*Work to complete*.
For this listing, the lines between the one holding "Expected result: one" and the one holding "3) person at [1032, 593, 1052, 677]", inclusive, must be set down exactly.

*Provided entries*.
◆ ◆ ◆ ◆ ◆ ◆ ◆
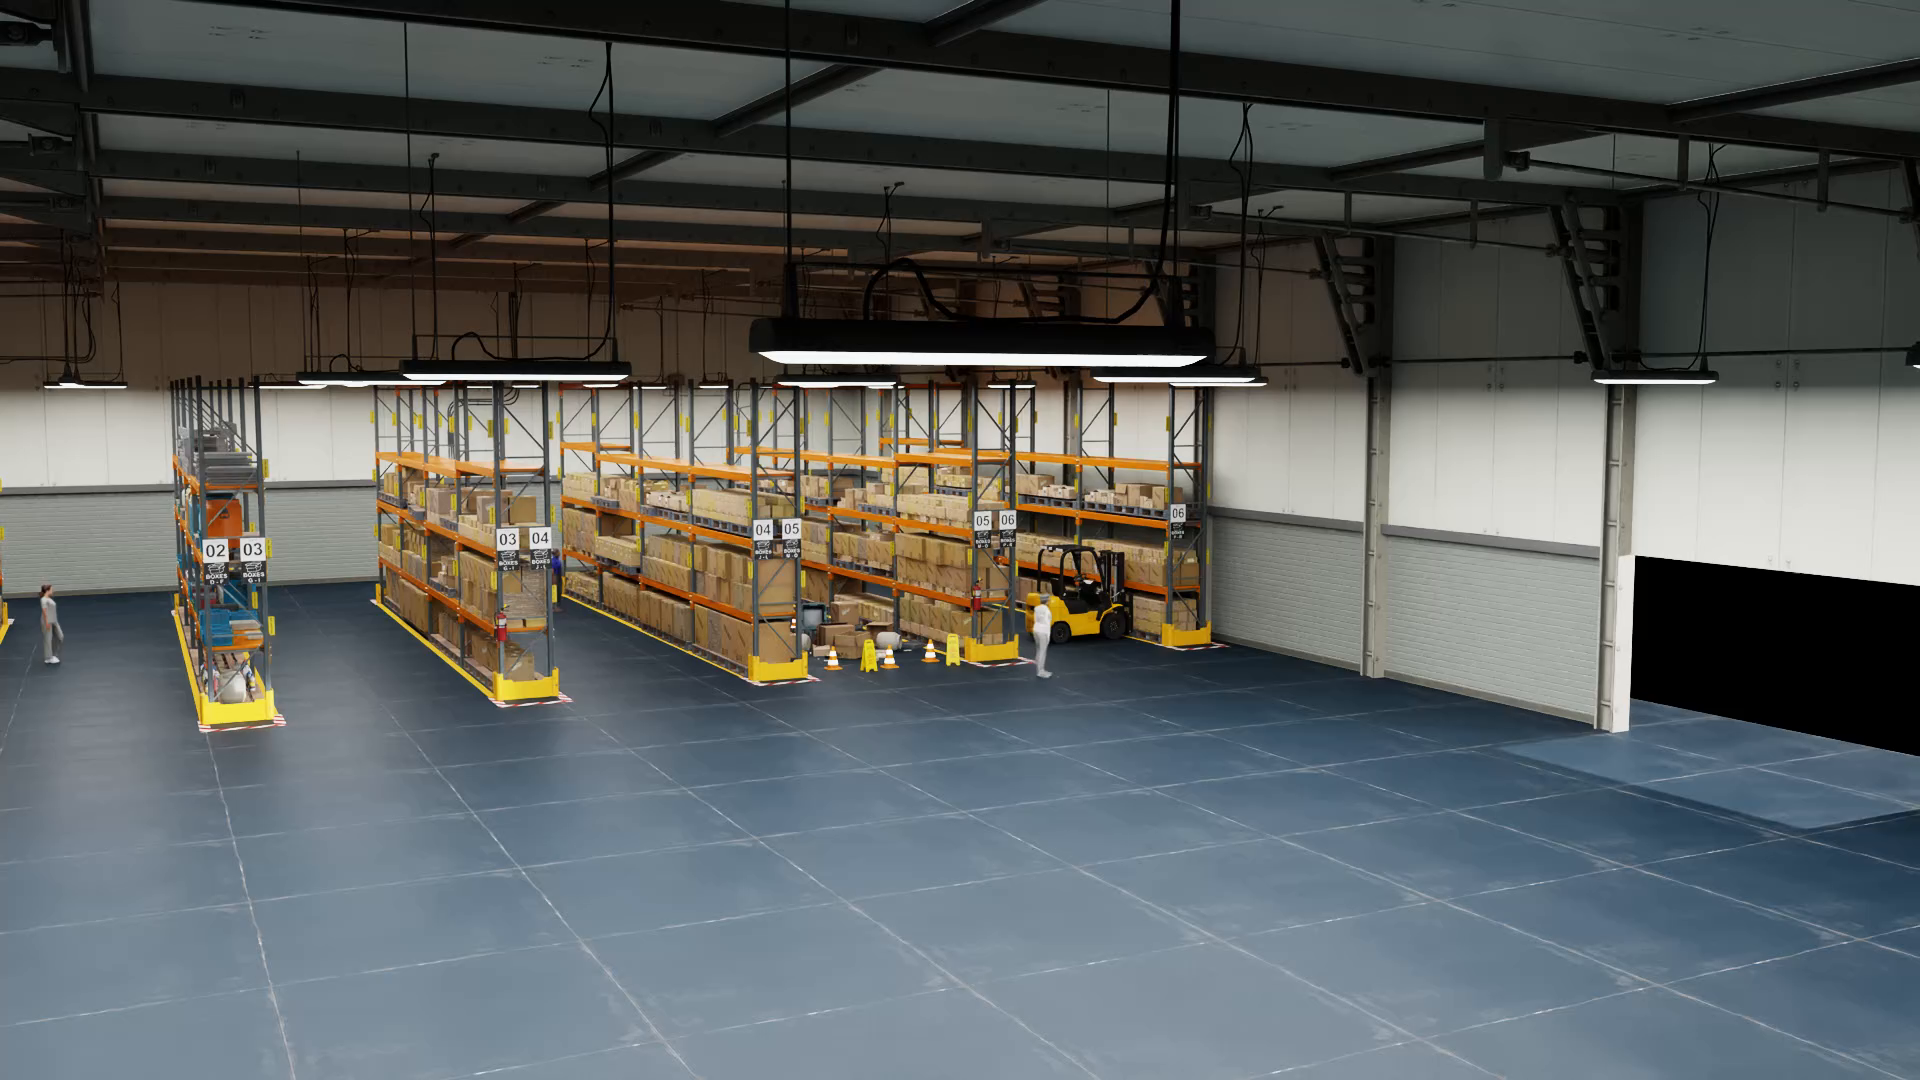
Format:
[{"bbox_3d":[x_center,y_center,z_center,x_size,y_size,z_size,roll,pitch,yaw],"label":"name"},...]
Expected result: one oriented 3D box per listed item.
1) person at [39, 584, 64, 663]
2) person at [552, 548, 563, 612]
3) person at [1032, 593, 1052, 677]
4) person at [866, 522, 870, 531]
[{"bbox_3d":[-19.293,1.769,35.244,0.402,1.685,0.505,0,5,4],"label":"person"},{"bbox_3d":[-10.544,1.047,43.496,0.387,1.694,0.532,1,5,15],"label":"person"},{"bbox_3d":[1.664,1.914,33.480,0.359,1.688,0.516,-3,6,-31],"label":"person"},{"bbox_3d":[-3.041,0.234,52.592,0.490,1.670,0.615,0,5,5],"label":"person"}]
◆ ◆ ◆ ◆ ◆ ◆ ◆
*Your solution*.
Expected result: one oriented 3D box per listed item.
1) person at [39, 584, 64, 663]
2) person at [552, 548, 563, 612]
3) person at [1032, 593, 1052, 677]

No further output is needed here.